If it's really a small personal business, I'd look long and hard for some sort of exclusion or exemption from having to file the whole raft of papers - including full financial statements in both local currency and US $$ - and all that goes with that. Of course, if you go to a tax adviser, they are going to say that you "must" file everything - especially because the official estimate of the time to complete the paperwork is something like 80 hours, and how can someone pass on all that billable time? If your 20% amounts to no more than $10K or $20K, it will probably never become an issue. If the business becomes the next Apple or IBM or if your 20% is worth $100,000 or more, there is much more likelihood that someone may get interested, especially if anything on your tax returns is less than squeaky clean. I wish I could be more specific than that - but it's one of those things you have to decide for yourself, in light of your level of risk.
Cheers,
Bev


----------



## pattiwhaley

Thanks, you folks are incredibly helpful. I agree, being an american abroad has its downsides...I feel very confident I have reported all my income so it seems daft to be potentially subject to huge penalties for not filing forms. 

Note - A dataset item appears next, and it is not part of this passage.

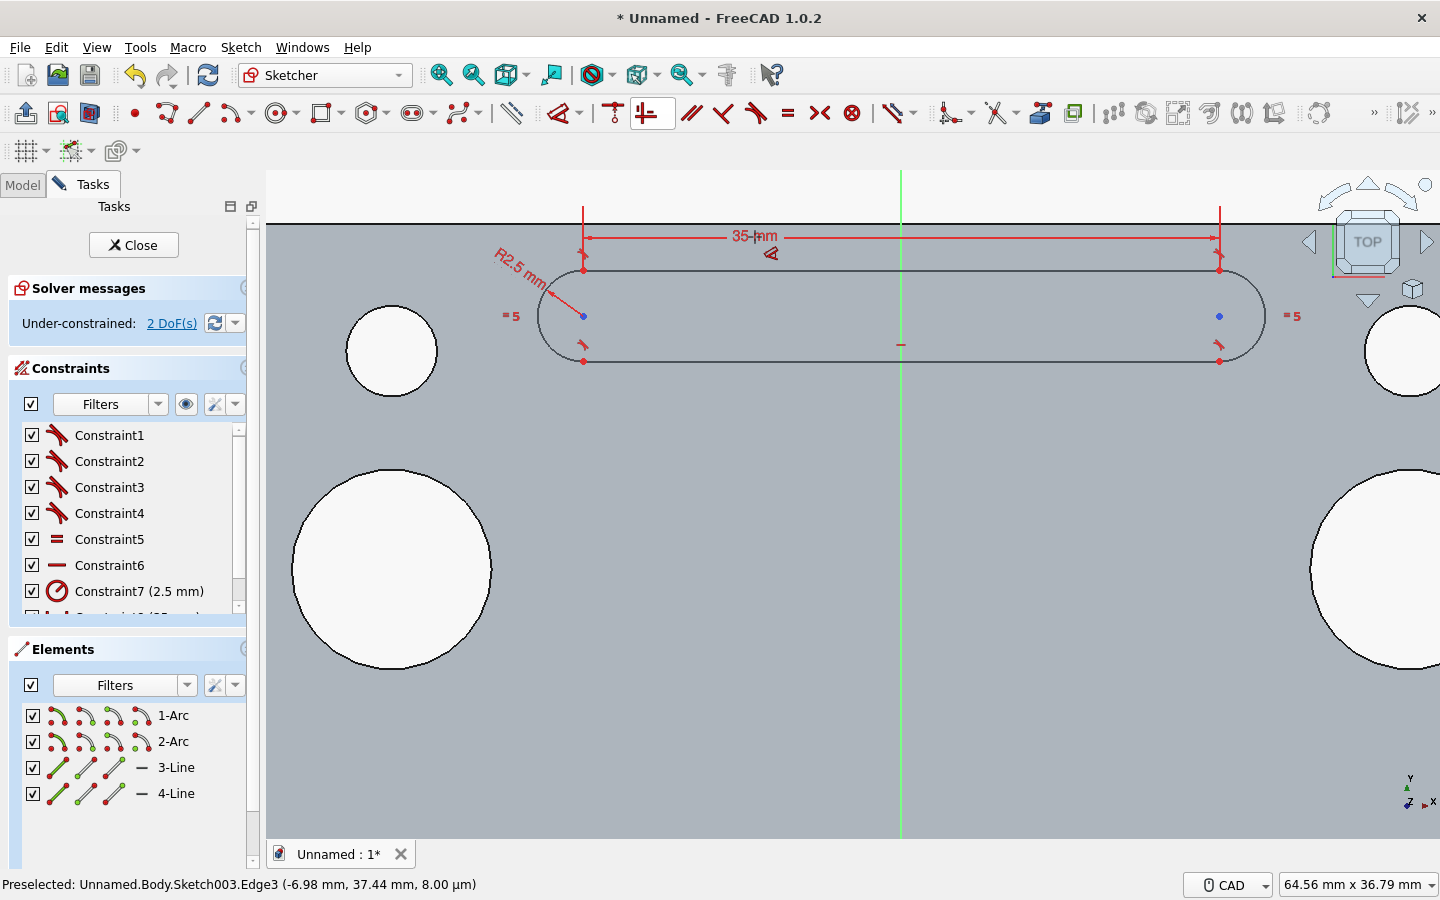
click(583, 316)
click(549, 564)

I think my only remaining worry is the 5471. It would be great not to have to file those forms but most of my income from the company has been treated as qualifying dividends, which might weigh on the side of treating it as a proper corporation. 

I have an estimate from a very reasonable-sounding guy to sort the whole lot out for £5k, and for that price it is actually quite tempting. I'll think about it....

Thanks again to all of you for your replies.


----------